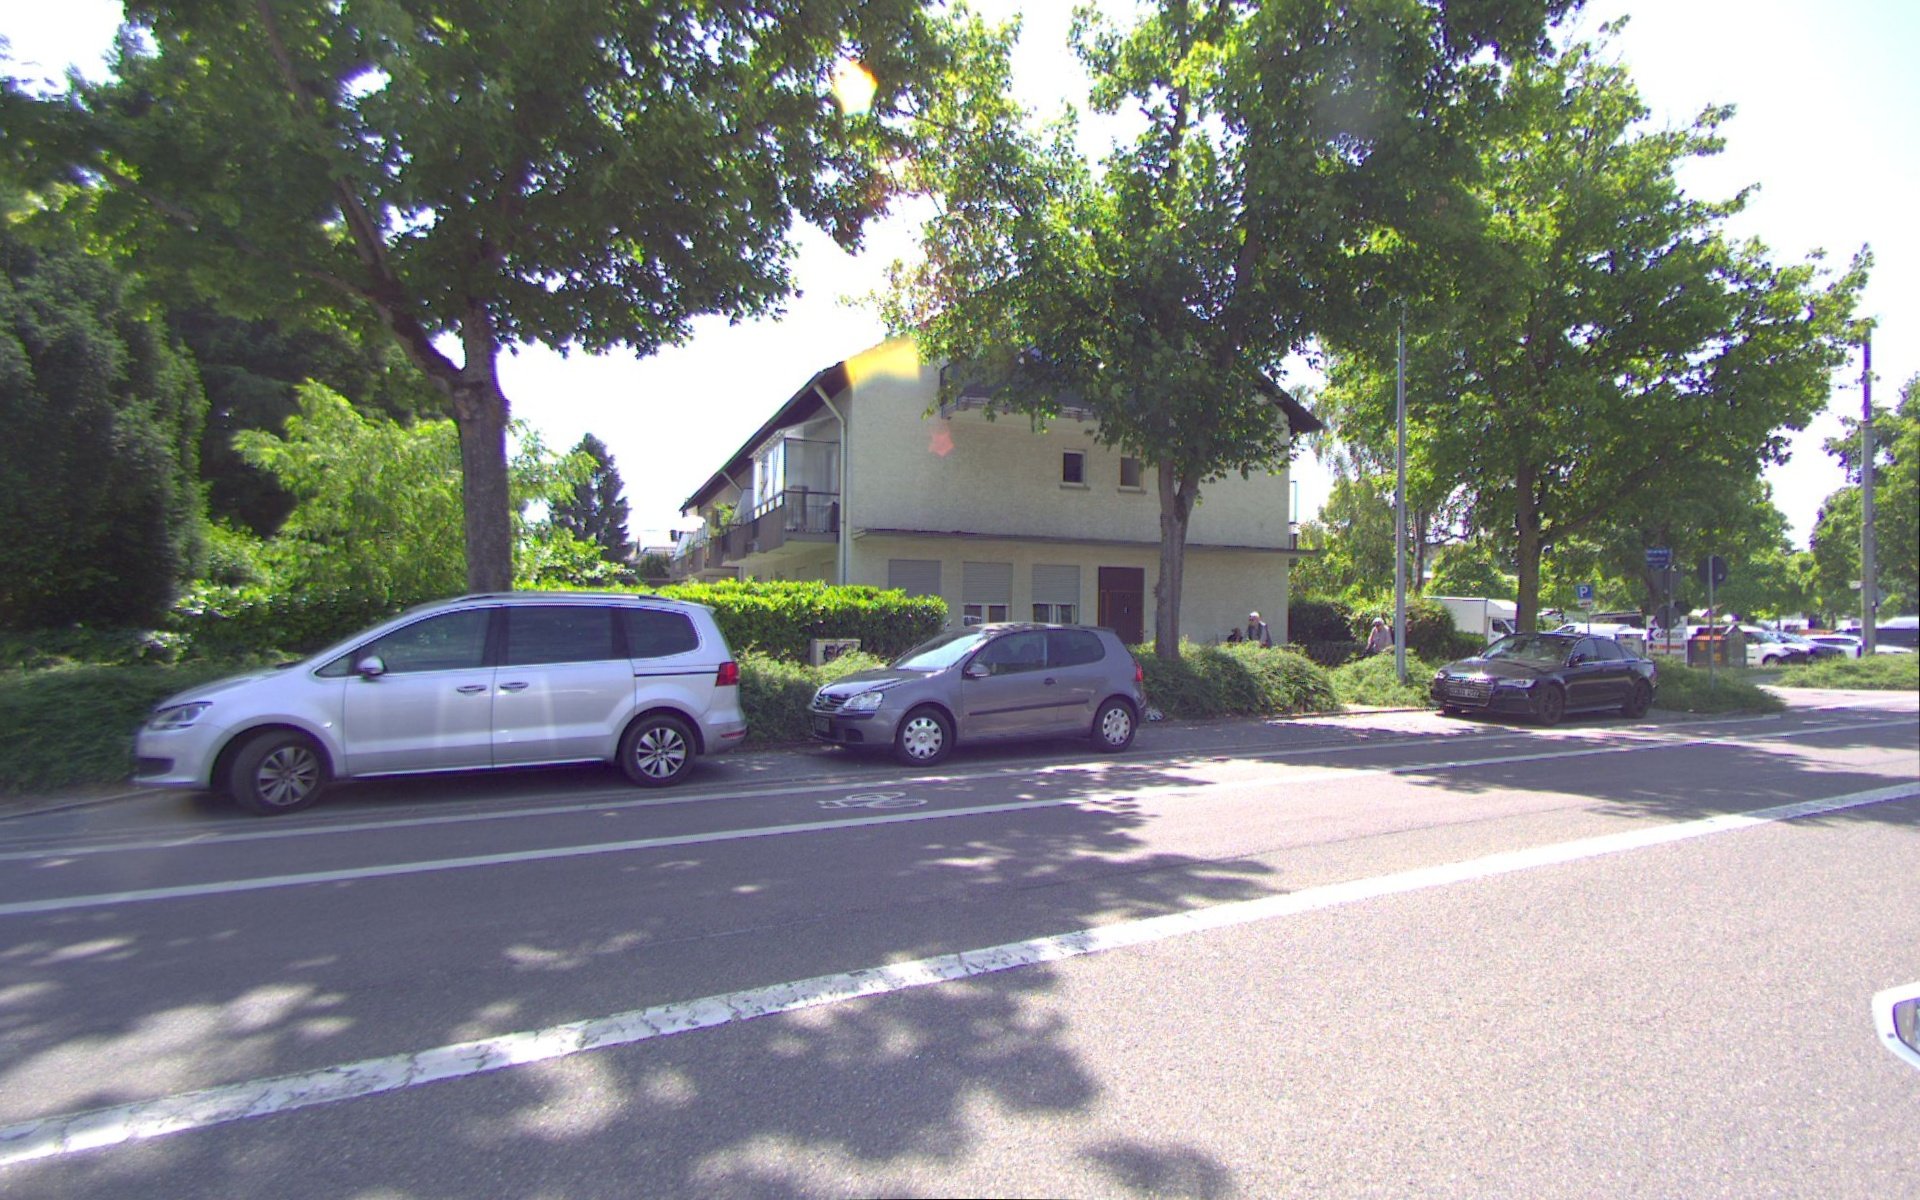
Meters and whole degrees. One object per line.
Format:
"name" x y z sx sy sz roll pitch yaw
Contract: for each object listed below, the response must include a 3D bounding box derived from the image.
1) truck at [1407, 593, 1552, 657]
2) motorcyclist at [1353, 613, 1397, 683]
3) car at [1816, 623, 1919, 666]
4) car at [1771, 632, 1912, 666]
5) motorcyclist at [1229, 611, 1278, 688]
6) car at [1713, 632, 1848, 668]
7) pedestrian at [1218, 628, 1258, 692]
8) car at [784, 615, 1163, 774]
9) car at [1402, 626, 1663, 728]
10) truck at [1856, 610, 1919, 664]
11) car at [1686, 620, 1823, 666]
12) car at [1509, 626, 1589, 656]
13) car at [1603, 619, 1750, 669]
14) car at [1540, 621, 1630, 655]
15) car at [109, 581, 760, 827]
"truck" 28.026 1.284 54.552 2.126 3.270 6.942 1 -1 -31
"motorcyclist" 9.387 1.072 22.728 0.654 1.523 0.584 1 2 -29
"car" 44.865 2.135 49.167 1.835 2.021 4.189 1 -1 -30
"car" 42.284 2.310 48.287 2.034 1.508 4.738 1 -1 -30
"motorcyclist" 6.064 1.013 20.780 0.716 1.523 0.584 1 2 -29
"car" 35.731 2.142 43.827 2.059 1.422 4.171 1 -2 -33
"pedestrian" 6.868 1.473 24.821 0.599 1.530 0.792 1 -1 -23
"car" 0.215 0.974 11.556 4.080 1.506 1.668 1 0 -31
"car" 9.874 1.220 17.211 4.757 1.476 1.883 1 0 -33
"truck" 51.517 1.967 53.224 2.402 2.796 5.556 1 -1 -28
"car" 33.446 1.766 42.420 1.652 1.860 4.251 1 -1 -27
"car" 34.408 2.373 58.752 1.712 1.597 3.729 1 -1 -30
"car" 28.912 1.721 40.672 2.039 1.881 4.421 1 -1 -33
"car" 36.740 2.206 59.146 1.948 1.844 4.108 2 -1 -30
"car" -4.339 0.762 8.975 4.630 1.711 1.962 1 0 -29

-----

● **Task requirements**:
Transcribe each line above exactly, pictures excluded.

● **Solution**:
Meters and whole degrees. One object per line.
Format:
"name" x y z sx sy sz roll pitch yaw
Contract: for each object listed below, the response must include a 3D bounding box derived from the image.
1) truck at [1407, 593, 1552, 657]
2) motorcyclist at [1353, 613, 1397, 683]
3) car at [1816, 623, 1919, 666]
4) car at [1771, 632, 1912, 666]
5) motorcyclist at [1229, 611, 1278, 688]
6) car at [1713, 632, 1848, 668]
7) pedestrian at [1218, 628, 1258, 692]
8) car at [784, 615, 1163, 774]
9) car at [1402, 626, 1663, 728]
10) truck at [1856, 610, 1919, 664]
11) car at [1686, 620, 1823, 666]
12) car at [1509, 626, 1589, 656]
13) car at [1603, 619, 1750, 669]
14) car at [1540, 621, 1630, 655]
15) car at [109, 581, 760, 827]
"truck" 28.026 1.284 54.552 2.126 3.270 6.942 1 -1 -31
"motorcyclist" 9.387 1.072 22.728 0.654 1.523 0.584 1 2 -29
"car" 44.865 2.135 49.167 1.835 2.021 4.189 1 -1 -30
"car" 42.284 2.310 48.287 2.034 1.508 4.738 1 -1 -30
"motorcyclist" 6.064 1.013 20.780 0.716 1.523 0.584 1 2 -29
"car" 35.731 2.142 43.827 2.059 1.422 4.171 1 -2 -33
"pedestrian" 6.868 1.473 24.821 0.599 1.530 0.792 1 -1 -23
"car" 0.215 0.974 11.556 4.080 1.506 1.668 1 0 -31
"car" 9.874 1.220 17.211 4.757 1.476 1.883 1 0 -33
"truck" 51.517 1.967 53.224 2.402 2.796 5.556 1 -1 -28
"car" 33.446 1.766 42.420 1.652 1.860 4.251 1 -1 -27
"car" 34.408 2.373 58.752 1.712 1.597 3.729 1 -1 -30
"car" 28.912 1.721 40.672 2.039 1.881 4.421 1 -1 -33
"car" 36.740 2.206 59.146 1.948 1.844 4.108 2 -1 -30
"car" -4.339 0.762 8.975 4.630 1.711 1.962 1 0 -29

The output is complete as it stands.